> _What you need to do_
Below is a listing. Set down exactly the lines from the one containing "18) cardboard box (1245,0,1369,25)" through the one containing "31) cardboard box (1757,182,1766,191)", both ends included, and leave out the rest.
BEGIN Data records
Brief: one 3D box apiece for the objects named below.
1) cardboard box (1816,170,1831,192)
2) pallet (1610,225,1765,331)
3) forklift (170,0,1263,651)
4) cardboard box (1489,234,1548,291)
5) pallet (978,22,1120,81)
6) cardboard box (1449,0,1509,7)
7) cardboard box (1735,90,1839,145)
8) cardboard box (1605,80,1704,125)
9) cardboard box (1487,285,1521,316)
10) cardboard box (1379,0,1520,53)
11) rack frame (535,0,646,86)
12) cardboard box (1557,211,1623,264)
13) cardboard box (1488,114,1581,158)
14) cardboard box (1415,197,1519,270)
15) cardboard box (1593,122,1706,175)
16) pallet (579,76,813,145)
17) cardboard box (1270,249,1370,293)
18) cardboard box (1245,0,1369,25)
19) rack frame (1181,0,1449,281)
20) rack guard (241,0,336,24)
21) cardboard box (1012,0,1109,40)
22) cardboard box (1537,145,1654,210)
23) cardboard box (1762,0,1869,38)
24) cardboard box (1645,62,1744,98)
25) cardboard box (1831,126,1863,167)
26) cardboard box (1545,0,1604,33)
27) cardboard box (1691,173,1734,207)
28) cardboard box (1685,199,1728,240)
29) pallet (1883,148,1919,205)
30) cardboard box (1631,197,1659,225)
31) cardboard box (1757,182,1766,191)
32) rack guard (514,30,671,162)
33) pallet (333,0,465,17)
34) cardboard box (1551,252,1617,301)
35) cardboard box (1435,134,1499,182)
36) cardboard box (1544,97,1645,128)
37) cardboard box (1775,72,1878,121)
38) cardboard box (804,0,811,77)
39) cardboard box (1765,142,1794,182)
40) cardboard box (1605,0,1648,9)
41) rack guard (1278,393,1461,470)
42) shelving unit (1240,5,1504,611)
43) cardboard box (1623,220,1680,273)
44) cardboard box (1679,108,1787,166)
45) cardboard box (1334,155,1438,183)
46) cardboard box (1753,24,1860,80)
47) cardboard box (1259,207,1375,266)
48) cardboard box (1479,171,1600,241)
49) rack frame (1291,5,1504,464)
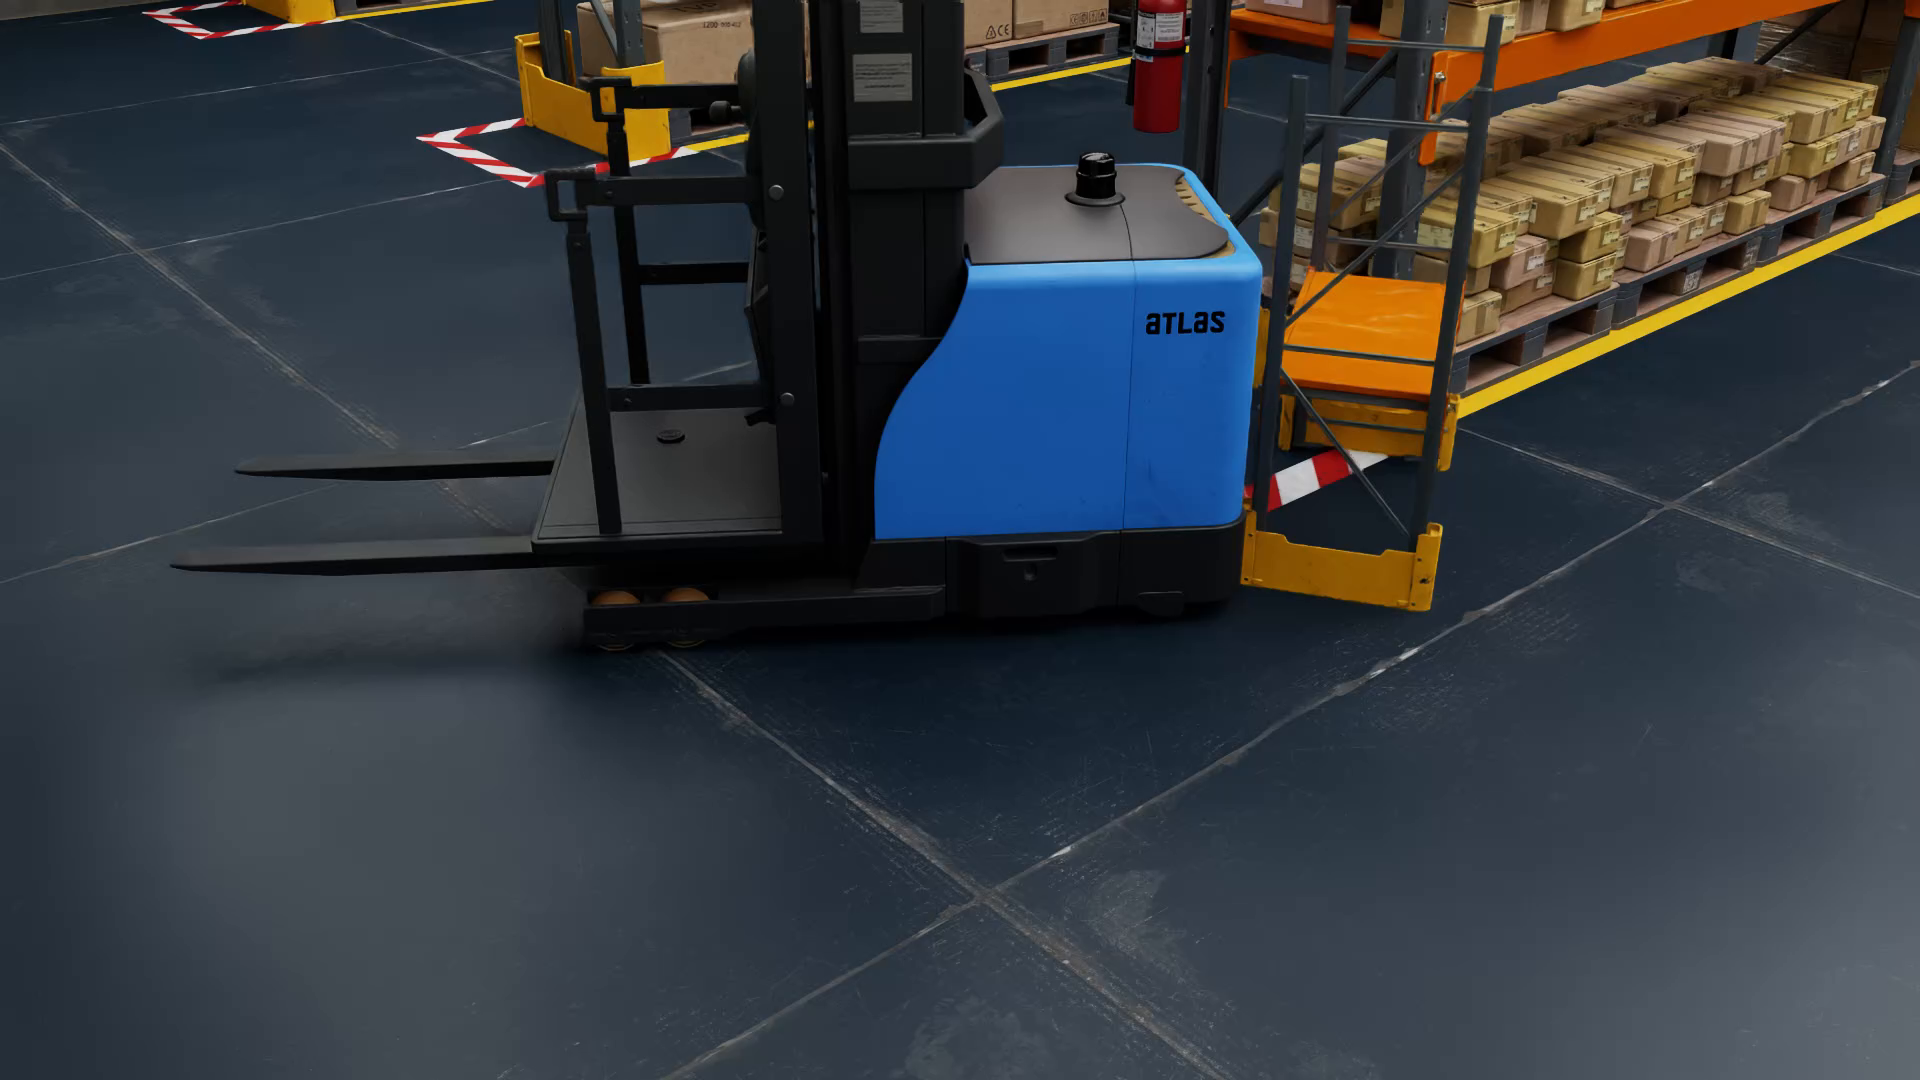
[{"bbox_3d":[3.920,-1.772,7.962,0.250,0.149,0.380,-21,34,-34],"label":"cardboard box"},{"bbox_3d":[2.833,-1.312,7.482,1.213,0.211,1.003,-22,35,-35],"label":"pallet"},{"bbox_3d":[-0.729,-1.242,4.464,3.031,2.935,1.130,-2,28,-4],"label":"forklift"},{"bbox_3d":[2.016,-1.103,6.394,0.250,0.149,0.380,-22,35,-35],"label":"cardboard box"},{"bbox_3d":[0.330,-3.445,11.473,1.213,0.211,1.003,-22,35,-35],"label":"pallet"},{"bbox_3d":[1.727,-2.125,5.623,0.500,0.500,0.500,-20,34,-33],"label":"cardboard box"},{"bbox_3d":[3.794,-1.953,7.669,0.250,0.149,0.380,-22,35,-35],"label":"cardboard box"},{"bbox_3d":[3.261,-2.049,7.849,0.250,0.149,0.380,-23,36,-36],"label":"cardboard box"},{"bbox_3d":[1.959,-0.995,6.508,0.250,0.149,0.380,-22,35,-35],"label":"cardboard box"},{"bbox_3d":[1.666,-1.783,5.670,0.250,0.149,0.380,-22,35,-35],"label":"cardboard box"},{"bbox_3d":[-2.083,-3.656,8.908,0.127,3.000,1.000,-22,35,-35],"label":"rack frame"},{"bbox_3d":[2.411,-1.249,6.668,0.250,0.149,0.380,-21,34,-33],"label":"cardboard box"},{"bbox_3d":[2.466,-1.736,7.263,0.250,0.149,0.380,-23,36,-36],"label":"cardboard box"},{"bbox_3d":[1.825,-1.141,6.150,0.250,0.149,0.380,-24,36,-37],"label":"cardboard box"},{"bbox_3d":[2.943,-1.662,7.125,0.250,0.149,0.380,-22,35,-35],"label":"cardboard box"},{"bbox_3d":[-1.526,-2.699,10.076,1.213,0.211,1.003,-22,35,-35],"label":"pallet"},{"bbox_3d":[1.471,-1.076,6.659,0.250,0.149,0.380,-21,35,-34],"label":"cardboard box"},{"bbox_3d":[1.271,-2.002,6.081,0.250,0.149,0.380,-22,35,-35],"label":"cardboard box"},{"bbox_3d":[1.206,-1.912,5.645,0.127,3.000,1.000,-22,35,-35],"label":"rack frame"},{"bbox_3d":[-5.250,-4.355,12.869,0.348,0.500,1.175,-22,35,-35],"label":"rack guard"},{"bbox_3d":[0.412,-3.781,11.416,0.875,0.438,0.875,-22,35,-36],"label":"cardboard box"},{"bbox_3d":[2.584,-1.486,6.797,0.250,0.149,0.380,-20,34,-33],"label":"cardboard box"},{"bbox_3d":[4.652,-2.868,8.844,0.500,0.250,0.500,-23,36,-36],"label":"cardboard box"},{"bbox_3d":[3.605,-2.232,8.191,0.250,0.149,0.380,-20,34,-33],"label":"cardboard box"},{"bbox_3d":[4.018,-1.897,7.881,0.250,0.149,0.380,-24,36,-37],"label":"cardboard box"},{"bbox_3d":[2.072,-1.938,5.961,0.250,0.149,0.380,-23,36,-36],"label":"cardboard box"},{"bbox_3d":[3.173,-1.607,7.339,0.250,0.149,0.380,-24,36,-37],"label":"cardboard box"},{"bbox_3d":[3.143,-1.449,7.358,0.250,0.149,0.380,-21,35,-34],"label":"cardboard box"},{"bbox_3d":[4.841,-2.144,9.039,1.213,0.211,1.003,-22,35,-35],"label":"pallet"},{"bbox_3d":[2.731,-1.462,7.067,0.250,0.149,0.380,-20,34,-32],"label":"cardboard box"},{"bbox_3d":[3.482,-1.631,7.698,0.250,0.149,0.380,-23,36,-36],"label":"cardboard box"},{"bbox_3d":[-2.102,-2.546,9.484,0.348,0.500,1.175,-22,35,-35],"label":"rack guard"},{"bbox_3d":[-4.644,-4.472,13.395,1.213,0.211,1.003,-22,35,-35],"label":"pallet"},{"bbox_3d":[2.409,-1.112,6.728,0.250,0.149,0.380,-21,35,-34],"label":"cardboard box"},{"bbox_3d":[2.026,-1.593,6.995,0.250,0.149,0.380,-24,36,-37],"label":"cardboard box"},{"bbox_3d":[2.860,-1.887,7.547,0.250,0.149,0.380,-24,36,-37],"label":"cardboard box"},{"bbox_3d":[4.148,-2.124,7.989,0.250,0.149,0.380,-21,34,-34],"label":"cardboard box"},{"bbox_3d":[-0.955,-3.232,10.388,0.875,0.438,0.875,-21,34,-34],"label":"cardboard box"},{"bbox_3d":[3.571,-1.767,7.638,0.250,0.149,0.380,-22,35,-34],"label":"cardboard box"},{"bbox_3d":[2.402,-2.141,6.341,0.250,0.149,0.380,-22,35,-35],"label":"cardboard box"},{"bbox_3d":[1.407,-0.406,5.745,0.587,0.250,0.087,9,29,16],"label":"rack guard"},{"bbox_3d":[1.256,-0.734,5.032,0.587,1.500,1.083,9,29,16],"label":"shelving unit"},{"bbox_3d":[2.787,-1.269,7.022,0.250,0.149,0.380,-24,36,-37],"label":"cardboard box"},{"bbox_3d":[3.400,-1.785,7.356,0.250,0.149,0.380,-24,36,-37],"label":"cardboard box"},{"bbox_3d":[1.673,-1.411,6.656,0.250,0.149,0.380,-21,35,-34],"label":"cardboard box"},{"bbox_3d":[4.649,-2.535,9.018,0.500,0.500,0.500,-23,36,-36],"label":"cardboard box"},{"bbox_3d":[1.423,-1.235,6.642,0.250,0.149,0.380,-23,36,-36],"label":"cardboard box"},{"bbox_3d":[2.232,-1.299,6.447,0.250,0.149,0.380,-22,35,-35],"label":"cardboard box"},{"bbox_3d":[1.413,-0.966,5.467,0.500,1.500,0.032,9,29,16],"label":"rack frame"}]
END Data records
> _Task output_
18) cardboard box (1245,0,1369,25)
19) rack frame (1181,0,1449,281)
20) rack guard (241,0,336,24)
21) cardboard box (1012,0,1109,40)
22) cardboard box (1537,145,1654,210)
23) cardboard box (1762,0,1869,38)
24) cardboard box (1645,62,1744,98)
25) cardboard box (1831,126,1863,167)
26) cardboard box (1545,0,1604,33)
27) cardboard box (1691,173,1734,207)
28) cardboard box (1685,199,1728,240)
29) pallet (1883,148,1919,205)
30) cardboard box (1631,197,1659,225)
31) cardboard box (1757,182,1766,191)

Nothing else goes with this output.